TASK INSTRUCTIONS: Every line from the one containing "text они также" to the one containing "text Суть этой" in the records below, both included, must be set down exactly, and no other line.

SOURCE DATA:
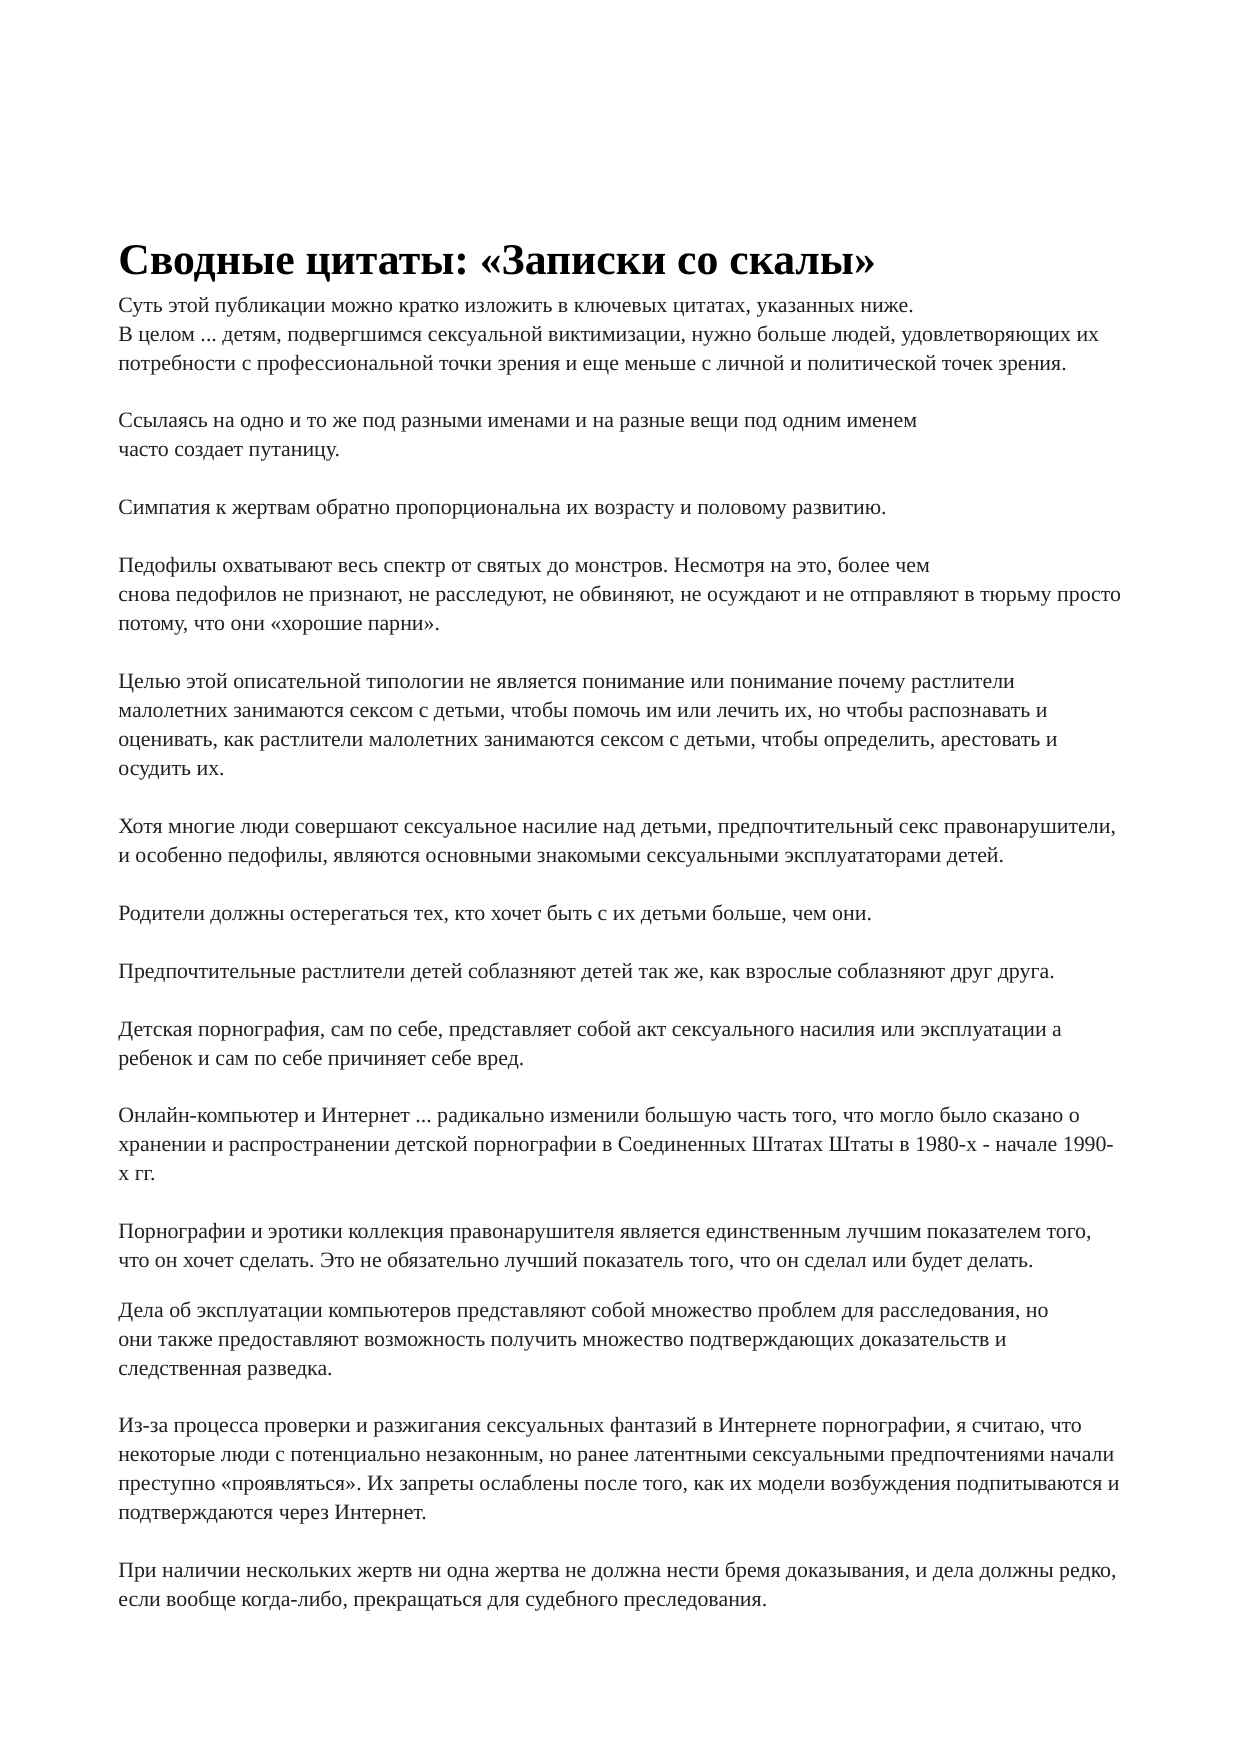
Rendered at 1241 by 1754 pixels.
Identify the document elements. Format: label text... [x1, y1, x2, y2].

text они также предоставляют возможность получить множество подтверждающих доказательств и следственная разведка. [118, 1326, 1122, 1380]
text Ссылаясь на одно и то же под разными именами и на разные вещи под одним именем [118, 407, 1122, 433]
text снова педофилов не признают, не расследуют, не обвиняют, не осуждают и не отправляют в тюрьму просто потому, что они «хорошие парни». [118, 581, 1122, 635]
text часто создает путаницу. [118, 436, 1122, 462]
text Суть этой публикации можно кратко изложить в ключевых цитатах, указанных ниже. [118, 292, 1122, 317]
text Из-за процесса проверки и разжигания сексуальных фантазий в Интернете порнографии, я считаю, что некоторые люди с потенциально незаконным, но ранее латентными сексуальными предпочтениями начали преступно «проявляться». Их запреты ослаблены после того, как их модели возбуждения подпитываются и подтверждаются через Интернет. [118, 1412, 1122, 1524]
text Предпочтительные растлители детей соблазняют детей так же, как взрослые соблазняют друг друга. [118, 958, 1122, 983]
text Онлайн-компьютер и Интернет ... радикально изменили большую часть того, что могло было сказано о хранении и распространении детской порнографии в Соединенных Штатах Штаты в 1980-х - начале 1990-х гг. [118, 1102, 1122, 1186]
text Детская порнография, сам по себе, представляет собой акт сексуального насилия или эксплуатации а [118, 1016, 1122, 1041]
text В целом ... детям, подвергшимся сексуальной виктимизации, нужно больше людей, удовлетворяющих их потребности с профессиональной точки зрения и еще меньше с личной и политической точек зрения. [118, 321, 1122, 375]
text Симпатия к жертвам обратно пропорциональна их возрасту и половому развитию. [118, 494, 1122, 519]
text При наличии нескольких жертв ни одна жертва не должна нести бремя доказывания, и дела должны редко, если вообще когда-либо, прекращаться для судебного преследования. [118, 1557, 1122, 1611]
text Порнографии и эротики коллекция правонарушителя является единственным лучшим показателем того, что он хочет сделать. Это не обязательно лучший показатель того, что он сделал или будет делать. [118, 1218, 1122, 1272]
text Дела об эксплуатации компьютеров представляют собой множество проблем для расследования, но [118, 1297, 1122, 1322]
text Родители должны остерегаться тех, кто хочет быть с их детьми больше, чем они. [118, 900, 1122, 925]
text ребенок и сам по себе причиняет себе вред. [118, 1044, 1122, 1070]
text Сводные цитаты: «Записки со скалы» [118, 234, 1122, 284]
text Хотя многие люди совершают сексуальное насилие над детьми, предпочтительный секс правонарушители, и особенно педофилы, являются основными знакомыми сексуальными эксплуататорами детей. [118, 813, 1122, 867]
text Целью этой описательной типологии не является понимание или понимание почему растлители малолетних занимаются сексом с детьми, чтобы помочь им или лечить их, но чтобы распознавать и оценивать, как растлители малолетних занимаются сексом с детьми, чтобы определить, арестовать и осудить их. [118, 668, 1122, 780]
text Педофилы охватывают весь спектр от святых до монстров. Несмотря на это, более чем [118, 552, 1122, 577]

TASK OUTPUT:
text они также предоставляют возможность получить множество подтверждающих доказательств и следственная разведка. [118, 1326, 1122, 1380]
text Ссылаясь на одно и то же под разными именами и на разные вещи под одним именем [118, 407, 1122, 433]
text снова педофилов не признают, не расследуют, не обвиняют, не осуждают и не отправляют в тюрьму просто потому, что они «хорошие парни». [118, 581, 1122, 635]
text часто создает путаницу. [118, 436, 1122, 462]
text Суть этой публикации можно кратко изложить в ключевых цитатах, указанных ниже. [118, 292, 1122, 317]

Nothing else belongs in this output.